Conspiracy theories presume way too much intelligence in world 'leaders'.
We had a lawyer here in town who walked off with about $200,000 in some accounts. He thought he was pretty smart. I'm thinking, what on earth can you do with $200,000 these days? You sure can't live on it for the next 20 years. If you are going to do it -- at least get enough to retire on!
Most people are black and white thinkers.
Patriotism, support of the current government, tends to be one of them. When we have a sense that our way of life is at stake, we divide into 2 camps. If you think we should be doing something different here, you are un-American. If you are upset that American corporations are ripping us off for billions, you don't support the American enterpreneural way. The FBI has a list, and you are on it, my friend.

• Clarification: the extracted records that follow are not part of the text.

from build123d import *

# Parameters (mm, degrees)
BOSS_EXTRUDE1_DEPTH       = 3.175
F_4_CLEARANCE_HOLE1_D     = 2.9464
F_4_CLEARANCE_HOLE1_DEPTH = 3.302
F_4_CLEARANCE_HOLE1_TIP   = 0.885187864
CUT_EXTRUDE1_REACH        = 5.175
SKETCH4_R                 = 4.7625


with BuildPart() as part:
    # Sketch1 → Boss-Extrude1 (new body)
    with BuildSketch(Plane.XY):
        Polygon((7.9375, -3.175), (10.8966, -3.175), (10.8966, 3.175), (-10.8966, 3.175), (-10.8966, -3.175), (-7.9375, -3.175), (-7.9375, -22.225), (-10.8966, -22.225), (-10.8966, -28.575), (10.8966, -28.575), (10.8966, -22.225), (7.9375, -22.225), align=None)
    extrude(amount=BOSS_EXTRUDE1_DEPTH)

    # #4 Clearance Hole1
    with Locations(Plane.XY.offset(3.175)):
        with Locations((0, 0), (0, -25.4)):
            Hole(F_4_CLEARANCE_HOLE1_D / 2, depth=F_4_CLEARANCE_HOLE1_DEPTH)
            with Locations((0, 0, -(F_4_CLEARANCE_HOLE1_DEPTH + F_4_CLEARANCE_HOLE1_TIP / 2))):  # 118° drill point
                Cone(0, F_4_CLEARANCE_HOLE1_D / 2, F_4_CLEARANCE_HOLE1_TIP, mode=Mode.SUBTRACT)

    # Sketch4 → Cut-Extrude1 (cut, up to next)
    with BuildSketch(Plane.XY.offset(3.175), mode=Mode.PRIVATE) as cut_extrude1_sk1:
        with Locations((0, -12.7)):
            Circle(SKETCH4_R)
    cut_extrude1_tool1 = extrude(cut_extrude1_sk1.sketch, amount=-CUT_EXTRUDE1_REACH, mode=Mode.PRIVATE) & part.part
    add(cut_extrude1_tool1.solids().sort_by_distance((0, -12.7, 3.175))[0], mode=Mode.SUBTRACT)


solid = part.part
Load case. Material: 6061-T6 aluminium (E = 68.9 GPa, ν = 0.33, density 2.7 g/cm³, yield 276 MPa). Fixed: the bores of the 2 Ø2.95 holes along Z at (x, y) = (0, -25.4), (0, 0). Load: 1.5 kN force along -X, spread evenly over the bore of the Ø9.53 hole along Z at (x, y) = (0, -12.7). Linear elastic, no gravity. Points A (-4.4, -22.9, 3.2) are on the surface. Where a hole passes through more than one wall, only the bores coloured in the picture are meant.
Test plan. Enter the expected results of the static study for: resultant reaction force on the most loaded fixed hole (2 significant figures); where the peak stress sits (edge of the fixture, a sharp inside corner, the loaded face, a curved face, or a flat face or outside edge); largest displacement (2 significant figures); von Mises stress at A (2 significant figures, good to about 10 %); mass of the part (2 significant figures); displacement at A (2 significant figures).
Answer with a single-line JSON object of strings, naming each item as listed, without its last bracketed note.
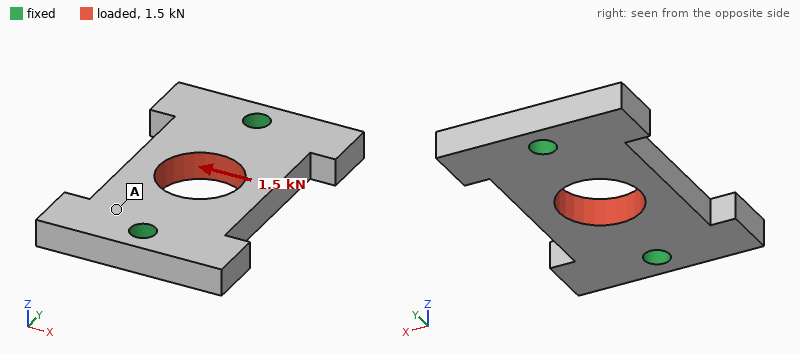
{"resultant reaction force on the most loaded fixed hole": "750 N", "where the peak stress sits": "edge of the fixture", "largest displacement": "13 µm", "von Mises stress at A": "21 MPa", "mass of the part": "4.2 g", "displacement at A": "3.7 µm"}
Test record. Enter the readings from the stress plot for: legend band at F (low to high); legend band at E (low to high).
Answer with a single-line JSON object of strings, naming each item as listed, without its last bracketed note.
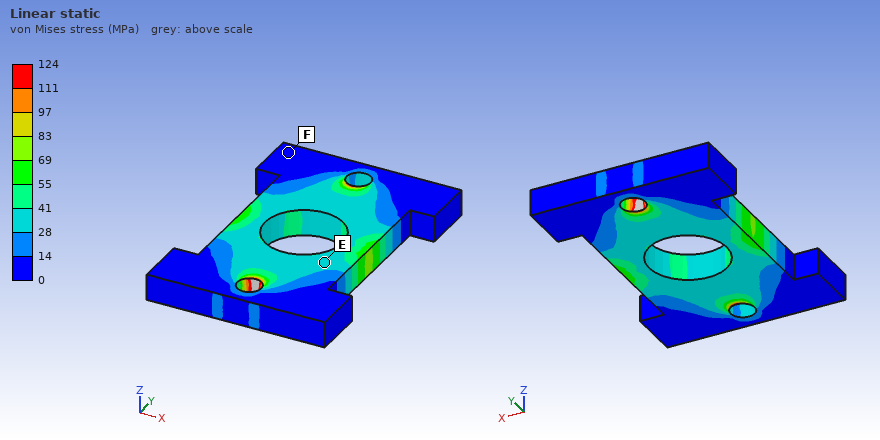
{"legend band at F": "0 to 14 MPa", "legend band at E": "28 to 41 MPa"}
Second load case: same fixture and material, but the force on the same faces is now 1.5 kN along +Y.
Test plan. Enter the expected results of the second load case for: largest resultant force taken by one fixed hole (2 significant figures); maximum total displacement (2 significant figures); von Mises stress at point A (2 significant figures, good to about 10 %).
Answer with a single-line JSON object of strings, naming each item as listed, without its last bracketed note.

{"largest resultant force taken by one fixed hole": "750 N", "maximum total displacement": "4.5 µm", "von Mises stress at point A": "13 MPa"}
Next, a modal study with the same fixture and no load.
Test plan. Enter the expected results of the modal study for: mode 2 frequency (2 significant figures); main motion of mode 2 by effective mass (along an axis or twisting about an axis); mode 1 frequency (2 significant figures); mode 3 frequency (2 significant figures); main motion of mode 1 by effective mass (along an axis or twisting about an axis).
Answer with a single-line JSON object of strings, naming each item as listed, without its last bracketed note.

{"mode 2 frequency": "22 kHz", "main motion of mode 2 by effective mass": "along Z", "mode 1 frequency": "19 kHz", "mode 3 frequency": "26 kHz", "main motion of mode 1 by effective mass": "twisting about Y"}

Humans are so complicated and messy, that there are NO easy solutions. It takes more time and more money and more energy than anyone wants to expend to really solve human problems. I talk to my elected officials about the downstream effects of cutting social programs -- they cannot get their brains any further out than the next election. Honest. If it doesn't happen in the next 2 years, it does not exist!
We are a violent species, especially the male half.
But it is in the genes. That testosterone generates the energy to defend one's turf, and it does a wonderful job. As societies get more complex, as we gather into tribes and villages, controlling that tendency to murder each other is a major part of our social cost.
I'm convinced that professional football is a plot to reduce violent attacks my males on each other (see rule 10). For that period of Sunday, and now extended to Monday nights, watching those huge guys pound on each other keeps their audience from doing the same to their neighbors. We will have attained an amazing level of civility when we actually ban football as too dangerous.
I would also count it a significant step forward when we charge people with abuse who beat a child with anything, including the hand. That early lesson in respect and human interaction lays a strong foundation in our kids that violence on your neighbor is a basic rule of life. Verbal abuse can be just as damaging and should be banned as well -- at least toward children.
Over the years, I have had numerous occasions to observe some Vietnamese friends of mine and how they deal with their children. They are always quiet, respectful and patient. They also always have high standards and goals. Those kids have done amazingly well, and I have never seen them raise their voice to them, let alone their hand.
Never pay retail - you can always find it on sale.
It's never as easy as it looks!
You are never going to beat the squirrels - give it up.
Law of 'Sociality' - yes, I know it's not a word - yet!
We Want to Be Free
There is always hope.
Post-note.
This is the genetics from tougher times. Things are very different today, and moving much more quickly - too fast for the genetics to adapt. I believe that we are more than our genes, and we can adapt. My point is that it's an uphill battle! Don't get discouraged.